Examples of an organic compound constituting the hole blocking layer include aluminum complexes such as BAlq, triazole derivatives and phenanthroline derivatives such as BCP. Also, a layer having a function to prevent a phenomenon in which the electron which has been transported into the light-emitting layer from the cathode side passes through into the anode side from occurring may be provided on the position adjacent to the light-emitting layer on the anode side. The hole injection layer and hole transport layer may serve this function.
(Solar Cell)
The gas-barrier film of the invention can be used also as a sealing film for solar cell devices. Preferably, the gas-barrier film of the invention is used for sealing a solar cell device in such a manner that its adhesive layer is on the side near to the solar cell device. The solar cell devices for which the gas-barrier film of the invention is favorably used are not specifically defined. For example, they include single crystal silicon-based solar cell devices, polycrystalline silicon-based solar cell devices, single-junction or tandem-structure amorphous silicon-based solar cell devices, gallium-arsenic (GaAs), indium-phosphorus (InP) or the like III-V Group compound semiconductor-based solar cell devices, cadmium-tellurium (CdTe) or the like II-VI Group compound semiconductor-based solar cell devices, copper/indium/selenium (CIS-based), copper/indium/gallium/selenium (CIGS-based), copper/indium/gallium/selenium/sulfur (CIGSS-based) or the like I-III-VI Group compound semiconductor-based solar cell devices, dye-sensitized solar cell devices, organic solar cell devices, etc. Above all, in the invention, the solar cell devices are preferably copper/indium/selenium (CIS-based), copper/indium/gallium/selenium (CIGS-based), copper/indium/gallium/selenium/sulfur (CIGSS-based) or the like I-III-VI Group compound semiconductor-based solar cell devices.
(TFT Display Element)
The gas-barrier film of the invention is usable as a substrate for thin-film transistor (TFT) image display devices. For fabricating TFT arrays, there are mentioned the method described in JP-T 10-512104, etc. The substrate may have a color filter for color display. The color filter may be formed in any method, but preferably through photolithography.

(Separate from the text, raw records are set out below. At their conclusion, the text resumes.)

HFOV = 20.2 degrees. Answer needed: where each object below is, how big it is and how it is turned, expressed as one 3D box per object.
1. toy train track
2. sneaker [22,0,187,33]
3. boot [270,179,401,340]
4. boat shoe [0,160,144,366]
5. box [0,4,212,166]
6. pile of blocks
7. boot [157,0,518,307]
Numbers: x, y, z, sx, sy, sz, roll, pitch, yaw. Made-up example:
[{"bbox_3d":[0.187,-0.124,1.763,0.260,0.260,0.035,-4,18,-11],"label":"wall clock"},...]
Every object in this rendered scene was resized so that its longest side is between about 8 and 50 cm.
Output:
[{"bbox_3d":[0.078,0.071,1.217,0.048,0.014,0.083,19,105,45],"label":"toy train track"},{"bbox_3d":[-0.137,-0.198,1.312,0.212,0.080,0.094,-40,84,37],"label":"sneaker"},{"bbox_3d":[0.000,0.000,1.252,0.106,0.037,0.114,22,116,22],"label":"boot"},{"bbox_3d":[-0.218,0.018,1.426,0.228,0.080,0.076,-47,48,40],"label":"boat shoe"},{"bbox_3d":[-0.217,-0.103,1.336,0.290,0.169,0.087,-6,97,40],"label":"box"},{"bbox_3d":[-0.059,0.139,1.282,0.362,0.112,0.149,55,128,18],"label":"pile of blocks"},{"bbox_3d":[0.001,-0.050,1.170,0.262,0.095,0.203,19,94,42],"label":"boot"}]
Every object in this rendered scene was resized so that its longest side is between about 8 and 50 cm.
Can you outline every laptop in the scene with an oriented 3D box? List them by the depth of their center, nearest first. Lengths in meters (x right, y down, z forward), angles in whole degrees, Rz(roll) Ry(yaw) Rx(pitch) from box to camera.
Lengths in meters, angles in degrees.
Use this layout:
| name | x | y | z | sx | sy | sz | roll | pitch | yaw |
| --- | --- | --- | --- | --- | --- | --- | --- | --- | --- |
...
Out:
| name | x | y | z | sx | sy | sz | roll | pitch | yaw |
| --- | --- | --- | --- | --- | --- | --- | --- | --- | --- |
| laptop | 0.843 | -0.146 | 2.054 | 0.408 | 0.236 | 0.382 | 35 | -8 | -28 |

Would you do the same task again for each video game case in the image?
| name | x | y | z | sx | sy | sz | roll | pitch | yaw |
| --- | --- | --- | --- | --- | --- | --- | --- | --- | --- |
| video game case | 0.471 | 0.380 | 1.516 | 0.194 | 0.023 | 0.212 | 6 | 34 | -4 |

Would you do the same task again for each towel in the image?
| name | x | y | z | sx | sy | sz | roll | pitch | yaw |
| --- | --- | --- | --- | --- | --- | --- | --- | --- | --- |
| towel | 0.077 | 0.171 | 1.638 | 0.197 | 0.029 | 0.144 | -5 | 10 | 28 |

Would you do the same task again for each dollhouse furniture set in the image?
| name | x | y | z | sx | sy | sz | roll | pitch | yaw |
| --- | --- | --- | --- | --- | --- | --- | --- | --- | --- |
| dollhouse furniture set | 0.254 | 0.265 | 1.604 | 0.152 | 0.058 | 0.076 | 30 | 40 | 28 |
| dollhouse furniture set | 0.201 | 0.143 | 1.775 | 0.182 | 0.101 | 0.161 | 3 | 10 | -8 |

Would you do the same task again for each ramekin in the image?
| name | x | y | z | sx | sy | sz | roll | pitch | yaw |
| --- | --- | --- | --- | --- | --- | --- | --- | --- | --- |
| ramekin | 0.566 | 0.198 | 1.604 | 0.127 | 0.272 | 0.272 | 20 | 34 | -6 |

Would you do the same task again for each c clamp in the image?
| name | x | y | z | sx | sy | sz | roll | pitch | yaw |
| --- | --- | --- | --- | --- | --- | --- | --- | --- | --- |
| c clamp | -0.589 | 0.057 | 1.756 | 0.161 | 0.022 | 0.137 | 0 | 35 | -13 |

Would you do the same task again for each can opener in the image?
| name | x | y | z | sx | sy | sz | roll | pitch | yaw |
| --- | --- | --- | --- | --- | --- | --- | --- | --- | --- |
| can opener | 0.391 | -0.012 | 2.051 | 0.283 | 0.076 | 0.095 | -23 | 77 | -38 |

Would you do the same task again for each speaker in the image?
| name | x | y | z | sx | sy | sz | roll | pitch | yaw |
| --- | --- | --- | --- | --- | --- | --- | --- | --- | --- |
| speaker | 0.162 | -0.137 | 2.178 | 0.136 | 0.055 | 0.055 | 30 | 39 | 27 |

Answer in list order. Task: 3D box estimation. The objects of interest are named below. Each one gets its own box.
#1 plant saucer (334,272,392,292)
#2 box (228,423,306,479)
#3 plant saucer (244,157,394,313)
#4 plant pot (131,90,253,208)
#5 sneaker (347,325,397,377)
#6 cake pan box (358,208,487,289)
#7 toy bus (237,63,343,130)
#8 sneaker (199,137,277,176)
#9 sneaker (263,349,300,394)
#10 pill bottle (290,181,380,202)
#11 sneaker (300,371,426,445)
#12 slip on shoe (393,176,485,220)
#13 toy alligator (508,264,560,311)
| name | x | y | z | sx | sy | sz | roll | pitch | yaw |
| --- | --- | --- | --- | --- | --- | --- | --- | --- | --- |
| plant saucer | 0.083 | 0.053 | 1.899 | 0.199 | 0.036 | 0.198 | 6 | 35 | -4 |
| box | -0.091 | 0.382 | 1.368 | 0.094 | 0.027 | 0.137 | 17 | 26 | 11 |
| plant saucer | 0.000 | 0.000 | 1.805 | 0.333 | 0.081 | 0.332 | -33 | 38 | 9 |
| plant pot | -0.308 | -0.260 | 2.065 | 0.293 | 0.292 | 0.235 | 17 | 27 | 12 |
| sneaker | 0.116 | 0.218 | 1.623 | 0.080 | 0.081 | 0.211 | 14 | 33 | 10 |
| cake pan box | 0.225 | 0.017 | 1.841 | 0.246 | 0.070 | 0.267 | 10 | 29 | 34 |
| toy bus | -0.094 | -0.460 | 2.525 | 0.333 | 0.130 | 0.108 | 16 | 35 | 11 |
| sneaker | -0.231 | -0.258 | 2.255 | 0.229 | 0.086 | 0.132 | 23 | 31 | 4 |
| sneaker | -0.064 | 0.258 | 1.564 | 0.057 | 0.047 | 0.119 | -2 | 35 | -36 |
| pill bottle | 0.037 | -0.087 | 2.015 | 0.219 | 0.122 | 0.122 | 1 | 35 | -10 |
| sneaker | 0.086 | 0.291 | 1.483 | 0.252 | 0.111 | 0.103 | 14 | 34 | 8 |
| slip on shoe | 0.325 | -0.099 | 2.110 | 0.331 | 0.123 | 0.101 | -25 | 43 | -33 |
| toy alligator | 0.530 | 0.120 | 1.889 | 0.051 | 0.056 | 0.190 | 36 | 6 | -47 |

The characteristics of the invention are described more concretely with reference to the following Examples and Comparative Examples. In the following Examples, the material used, its amount and the ratio, the details of the treatment and the treatment process may be suitably modified or changed not overstepping the sprit and the scope of the invention. Accordingly, the invention should not be limitatively interpreted by the Examples mentioned below.
Gas-barrier films (samples Nos. 1 to 7) were produced according to the process mentioned below, each having an organic layer and an inorganic layer formed on a plastic film of a flexible supporting substrate. The details of the constitution of each gas-barrier film are shown in Table 3. As the plastic film, used was a polyethylene naphthalate film (PEN, thickness 100 μm, Teijin-DuPont's Q65FA).
(Formation of Easy-Adhesive Layer)
Only in the sample No. 4 shown in Table 3, a two-layered easy-adhesive layer was formed on the plastic film according to the following process.
A dispersion prepared by dispersing a polyester resin binder (Dai-Nippon ink Chemical Industry's Finetex ES-650) in water with a surfactant therein was applied onto the plastic film and dried to form a first easy-adhesive layer having a thickness of 200 nm. Next, a dispersion prepared by dispersing an acrylic resin binder (latex of MMA59-St9-2EHA26-HEMA5-AA1, having a solid concentration of 28%) in water with a surfactant therein was applied onto the first easy-adhesive layer and dried to form thereon a second easy-adhesive layer having a thickness of 200 nm.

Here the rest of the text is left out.